A potential pitfall of data unification or a data governance program within an organization is that it becomes siloed in the same manner that our systems are siloed today. This needs to be avoided. An example is when data governance is implemented at a functional or departmental level versus at an organizational level. Unfortunately, this will only create a larger departmental silo that includes data governance and systems. While it’s true that quick wins can occur at the functional level, if data are not connected organizationally, we will not achieve data unification.
Organizations need to treat data as an asset and not an afterthought and invest in the people, processes, and systems to unlock the benefits of unified data. Achieving a unified data framework requires a corporate mandate, prioritization, and funding to establish data governance, master data (and data) mapping, and standards across the organization. Cross-functional data governance bodies need to be empowered to be stewards for the data unification framework and enforce data reviews for new systems, upgrades, and changes.

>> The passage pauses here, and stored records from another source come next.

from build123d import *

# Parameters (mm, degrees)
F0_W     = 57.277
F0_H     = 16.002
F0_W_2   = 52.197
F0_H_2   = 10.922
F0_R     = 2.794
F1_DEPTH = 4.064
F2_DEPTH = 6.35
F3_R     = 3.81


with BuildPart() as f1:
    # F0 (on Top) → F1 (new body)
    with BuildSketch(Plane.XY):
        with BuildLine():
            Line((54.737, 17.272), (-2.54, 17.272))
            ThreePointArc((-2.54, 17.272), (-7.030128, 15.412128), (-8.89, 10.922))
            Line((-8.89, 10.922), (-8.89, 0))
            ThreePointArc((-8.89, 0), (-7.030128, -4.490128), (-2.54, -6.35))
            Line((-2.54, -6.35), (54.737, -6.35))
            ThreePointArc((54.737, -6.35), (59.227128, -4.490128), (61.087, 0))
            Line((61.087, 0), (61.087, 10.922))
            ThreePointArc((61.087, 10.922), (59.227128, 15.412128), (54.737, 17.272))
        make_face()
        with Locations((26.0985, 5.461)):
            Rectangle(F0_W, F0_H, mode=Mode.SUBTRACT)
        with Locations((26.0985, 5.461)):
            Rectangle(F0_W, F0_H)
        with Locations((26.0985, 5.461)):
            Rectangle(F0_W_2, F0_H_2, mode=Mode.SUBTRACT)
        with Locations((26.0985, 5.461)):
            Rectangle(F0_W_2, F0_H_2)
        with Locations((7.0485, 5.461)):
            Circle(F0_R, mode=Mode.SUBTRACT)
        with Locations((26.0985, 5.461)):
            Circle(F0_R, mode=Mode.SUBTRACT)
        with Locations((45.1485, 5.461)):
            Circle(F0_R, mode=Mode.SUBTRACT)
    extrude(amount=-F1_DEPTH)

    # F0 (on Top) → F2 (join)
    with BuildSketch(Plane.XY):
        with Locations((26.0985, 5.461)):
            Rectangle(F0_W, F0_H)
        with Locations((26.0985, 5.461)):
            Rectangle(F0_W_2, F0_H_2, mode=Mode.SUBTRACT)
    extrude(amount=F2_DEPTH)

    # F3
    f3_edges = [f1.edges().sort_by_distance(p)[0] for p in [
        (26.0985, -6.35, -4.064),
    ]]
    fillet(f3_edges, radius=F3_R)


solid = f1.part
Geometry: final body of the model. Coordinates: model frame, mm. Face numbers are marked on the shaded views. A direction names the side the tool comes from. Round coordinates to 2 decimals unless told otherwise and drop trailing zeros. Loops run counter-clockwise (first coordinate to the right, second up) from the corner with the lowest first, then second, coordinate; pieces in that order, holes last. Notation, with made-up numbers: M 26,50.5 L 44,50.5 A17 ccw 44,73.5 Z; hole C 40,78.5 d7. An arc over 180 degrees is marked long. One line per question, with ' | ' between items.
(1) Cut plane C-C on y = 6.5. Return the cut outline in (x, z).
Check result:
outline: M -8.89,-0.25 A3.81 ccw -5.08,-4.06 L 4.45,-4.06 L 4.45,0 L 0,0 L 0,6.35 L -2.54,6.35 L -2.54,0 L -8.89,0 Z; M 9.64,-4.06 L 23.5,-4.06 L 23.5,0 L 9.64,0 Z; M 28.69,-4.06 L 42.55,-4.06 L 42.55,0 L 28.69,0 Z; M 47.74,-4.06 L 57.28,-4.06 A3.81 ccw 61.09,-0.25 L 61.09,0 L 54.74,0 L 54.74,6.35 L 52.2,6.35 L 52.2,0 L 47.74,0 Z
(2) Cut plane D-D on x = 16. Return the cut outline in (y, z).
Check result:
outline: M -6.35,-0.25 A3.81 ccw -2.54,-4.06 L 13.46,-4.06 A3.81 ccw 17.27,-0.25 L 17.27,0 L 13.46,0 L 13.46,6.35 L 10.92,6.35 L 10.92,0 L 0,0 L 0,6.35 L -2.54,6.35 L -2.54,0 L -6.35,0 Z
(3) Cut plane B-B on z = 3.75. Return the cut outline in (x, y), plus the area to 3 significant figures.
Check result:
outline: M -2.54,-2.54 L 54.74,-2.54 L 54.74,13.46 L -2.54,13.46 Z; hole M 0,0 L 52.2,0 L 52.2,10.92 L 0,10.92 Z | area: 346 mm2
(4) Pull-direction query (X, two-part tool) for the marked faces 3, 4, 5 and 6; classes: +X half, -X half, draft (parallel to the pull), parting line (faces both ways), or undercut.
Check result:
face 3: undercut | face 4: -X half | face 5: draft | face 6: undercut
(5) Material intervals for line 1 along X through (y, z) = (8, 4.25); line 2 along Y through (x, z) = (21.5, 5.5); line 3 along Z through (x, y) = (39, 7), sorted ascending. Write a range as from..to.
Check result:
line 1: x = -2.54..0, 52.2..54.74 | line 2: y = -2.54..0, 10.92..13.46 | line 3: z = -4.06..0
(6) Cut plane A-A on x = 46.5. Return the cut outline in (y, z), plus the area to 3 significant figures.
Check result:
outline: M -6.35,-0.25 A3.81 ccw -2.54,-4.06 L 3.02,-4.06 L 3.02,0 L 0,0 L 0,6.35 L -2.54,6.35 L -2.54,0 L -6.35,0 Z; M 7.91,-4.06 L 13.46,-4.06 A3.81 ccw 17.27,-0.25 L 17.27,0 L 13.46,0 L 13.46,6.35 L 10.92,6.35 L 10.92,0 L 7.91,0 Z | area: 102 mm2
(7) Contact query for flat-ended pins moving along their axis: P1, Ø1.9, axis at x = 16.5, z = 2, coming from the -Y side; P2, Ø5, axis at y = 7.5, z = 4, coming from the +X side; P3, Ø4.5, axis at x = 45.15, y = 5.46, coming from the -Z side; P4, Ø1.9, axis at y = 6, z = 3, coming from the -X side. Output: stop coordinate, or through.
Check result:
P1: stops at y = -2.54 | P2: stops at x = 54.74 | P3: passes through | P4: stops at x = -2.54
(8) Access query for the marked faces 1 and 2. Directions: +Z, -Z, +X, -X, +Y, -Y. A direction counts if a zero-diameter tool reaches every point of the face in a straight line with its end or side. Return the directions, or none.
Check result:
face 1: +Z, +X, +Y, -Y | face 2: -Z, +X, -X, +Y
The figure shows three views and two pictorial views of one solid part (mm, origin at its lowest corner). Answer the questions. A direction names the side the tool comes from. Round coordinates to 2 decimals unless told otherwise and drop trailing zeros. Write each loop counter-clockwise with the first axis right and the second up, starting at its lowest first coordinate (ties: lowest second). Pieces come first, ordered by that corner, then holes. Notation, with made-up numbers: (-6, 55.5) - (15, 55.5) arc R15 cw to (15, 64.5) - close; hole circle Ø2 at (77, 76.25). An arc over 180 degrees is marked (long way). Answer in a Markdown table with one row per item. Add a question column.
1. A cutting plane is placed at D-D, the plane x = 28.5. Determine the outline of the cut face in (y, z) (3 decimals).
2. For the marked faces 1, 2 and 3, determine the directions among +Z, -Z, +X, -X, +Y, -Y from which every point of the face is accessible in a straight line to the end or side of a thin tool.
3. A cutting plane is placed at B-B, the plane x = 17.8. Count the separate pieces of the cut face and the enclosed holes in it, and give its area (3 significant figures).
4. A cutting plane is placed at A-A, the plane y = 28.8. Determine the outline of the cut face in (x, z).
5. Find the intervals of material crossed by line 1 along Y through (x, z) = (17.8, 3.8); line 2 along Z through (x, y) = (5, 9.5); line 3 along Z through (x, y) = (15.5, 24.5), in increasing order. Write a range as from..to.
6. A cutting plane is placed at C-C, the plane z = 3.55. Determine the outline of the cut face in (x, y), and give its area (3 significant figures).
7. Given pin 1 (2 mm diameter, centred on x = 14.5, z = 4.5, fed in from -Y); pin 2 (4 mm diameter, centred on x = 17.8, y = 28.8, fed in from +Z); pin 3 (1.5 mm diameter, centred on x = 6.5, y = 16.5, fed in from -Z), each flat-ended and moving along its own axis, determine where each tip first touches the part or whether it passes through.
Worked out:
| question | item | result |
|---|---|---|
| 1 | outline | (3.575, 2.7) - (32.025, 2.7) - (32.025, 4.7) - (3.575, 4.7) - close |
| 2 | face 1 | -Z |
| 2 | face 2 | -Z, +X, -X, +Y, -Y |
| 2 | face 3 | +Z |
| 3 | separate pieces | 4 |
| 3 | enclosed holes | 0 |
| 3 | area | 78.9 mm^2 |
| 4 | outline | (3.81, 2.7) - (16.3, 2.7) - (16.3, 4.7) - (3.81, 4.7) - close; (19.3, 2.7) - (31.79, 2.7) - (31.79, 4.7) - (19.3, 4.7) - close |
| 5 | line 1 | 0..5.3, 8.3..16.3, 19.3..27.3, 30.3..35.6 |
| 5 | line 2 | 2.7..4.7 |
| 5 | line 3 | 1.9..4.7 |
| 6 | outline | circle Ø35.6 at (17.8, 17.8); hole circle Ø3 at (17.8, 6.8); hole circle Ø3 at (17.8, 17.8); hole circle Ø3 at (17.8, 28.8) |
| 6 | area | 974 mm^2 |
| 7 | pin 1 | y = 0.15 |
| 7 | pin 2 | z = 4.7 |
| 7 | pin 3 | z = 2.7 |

Having unified data will allow companies to comply with increasingly granular data requirements from health authorities. A unified data model will reduce redundant activities that occur today by eliminating the need to duplicate data from system to system and eliminate the need for quality checks since the data is verified in the source system. Unified data also opens opportunities to use digital tools like Artificial Intelligence (AI), Machine Learning (ML), and Robotic Process Automation (RPA) to improve process efficiency and quality along with building algorithms to analyze data as inputs into research and development or regulatory strategies.
Companies that embrace and prioritize unifying their data can meet compliance requirements and utilize trusted, curated data to unlock digital technology to improve processes and systems. Unified data can eliminate redundant processes and streamline data flows which can reduce the time to deliver life changing medicines to patients.